The general response to this latest round of news around its TV efforts is that Apple has adopted a sort of, “If you can’t beat ‘em, join ‘em” philosophy toward the industry. And that’s mostly true. But it’s also reportedly pushing technology which could still be considered a little too disruptive. Take, for instance, its network DVR idea, which would let users start a show from the beginning, even if they turned up late. It’s a great idea, but frankly, it’s also one that is tied up in all sorts of rights issues and unlikely to be adopted right away by distributors.

As for the display aspect — the whole channels- or shows-as-apps idea that it appears to be pursuing — there are plenty of companies that are already doing this on their own. Comcast’s new X1 set-top box and cloud-based user interface emphasize individual programs and recommendations over the legacy grid interface, at least at the home screen.
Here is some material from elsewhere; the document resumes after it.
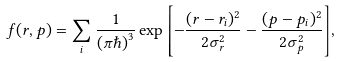<formula> <loc_0><loc_0><loc_500><loc_500>f ( r , p ) = \sum _ { i } { \frac { 1 } { ( \pi \hbar { ) } ^ { 3 } } \exp \left [ - \frac { ( r - r _ { i } ) ^ { 2 } } { 2 \sigma _ { r } ^ { 2 } } - \frac { ( p - p _ { i } ) ^ { 2 } } { 2 \sigma _ { p } ^ { 2 } } \right ] } ,</formula> 
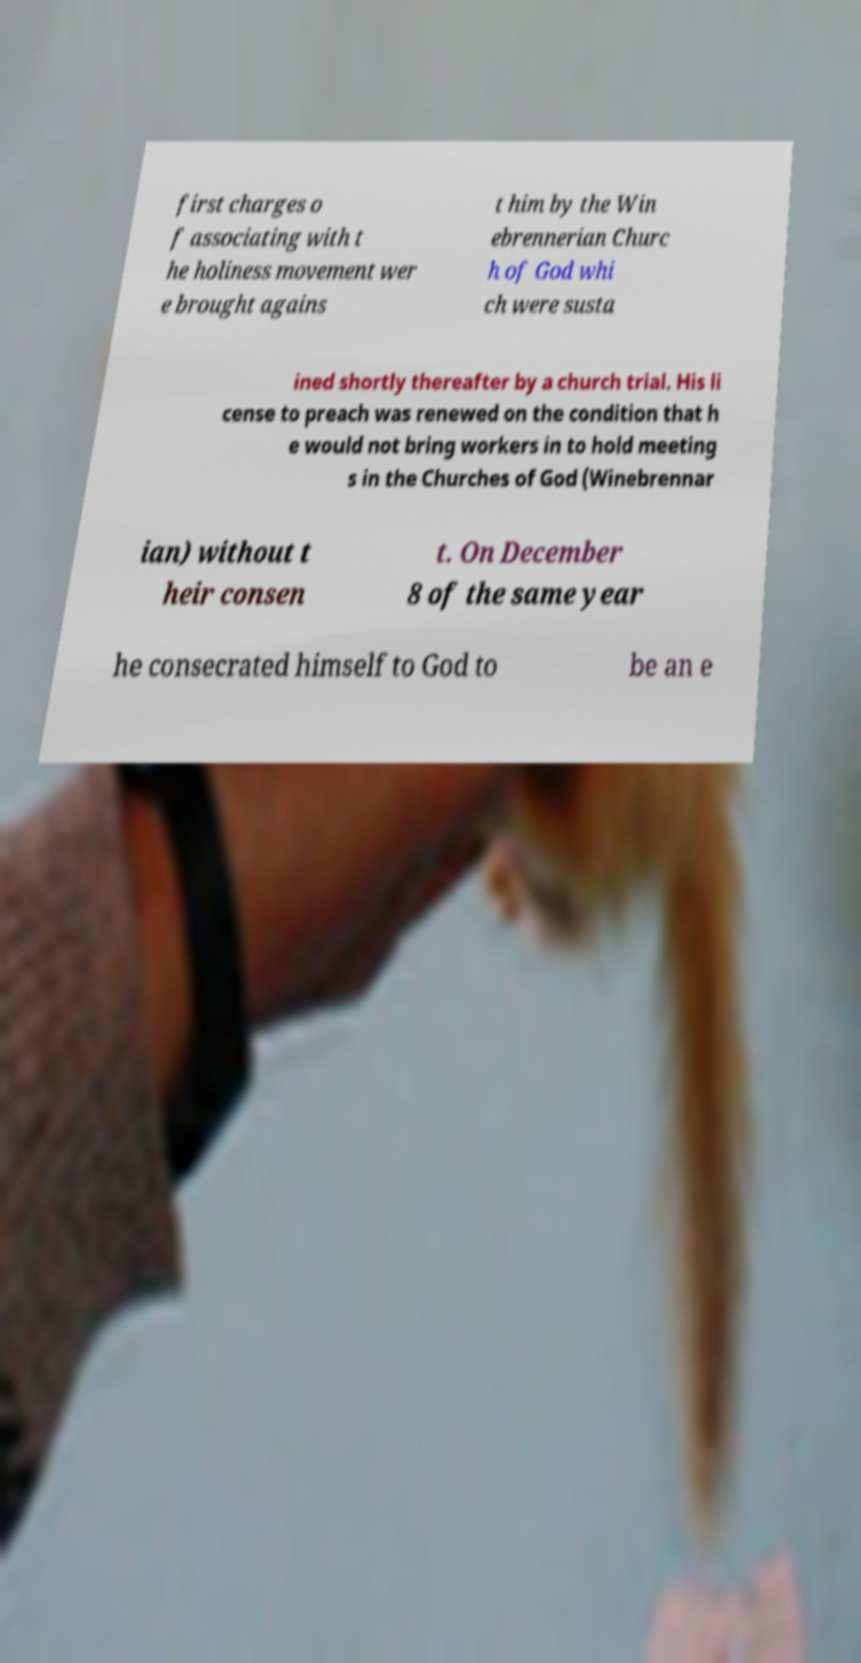Could you extract and type out the text from this image? first charges o f associating with t he holiness movement wer e brought agains t him by the Win ebrennerian Churc h of God whi ch were susta ined shortly thereafter by a church trial. His li cense to preach was renewed on the condition that h e would not bring workers in to hold meeting s in the Churches of God (Winebrennar ian) without t heir consen t. On December 8 of the same year he consecrated himself to God to be an e

And others are learning that, in a world of Netflix and Hulu, which emphasize content over programming time, that’s the way consumers are learning to discover content.

One other thought about this whole “too much disruption” thing. I don’t think anyone — not Apple, not the cable companies, not the content owners — see this new hardware as a set-top box replacement. You’ll still have at least one big, ugly, shitty box sitting in your living room. But the Apple TV will work great as a complement to that, or as a way to extend content into rooms where leasing an HD DVR set-top box made no sense. Like in a child’s bedroom, for instance. Even so, that could help cablecos and consumers alike reduce their reliance on crappy set-top boxes throughout the home.

Still no actual “Apple TV”

And finally, the big underlying theme here is that the actual TV that Apple has been rumored to be building for damn near forever, will remain unbuilt, at least for now. And why not? Apple is selling more Apple TV units than ever, and pretty soon it could be partnering with cable TV operators to get their content on the device. But it’s far from fully baked. Before Apple gets serious about building a high-profile device like a TV set, it’s probably going to want to get the kinks out first.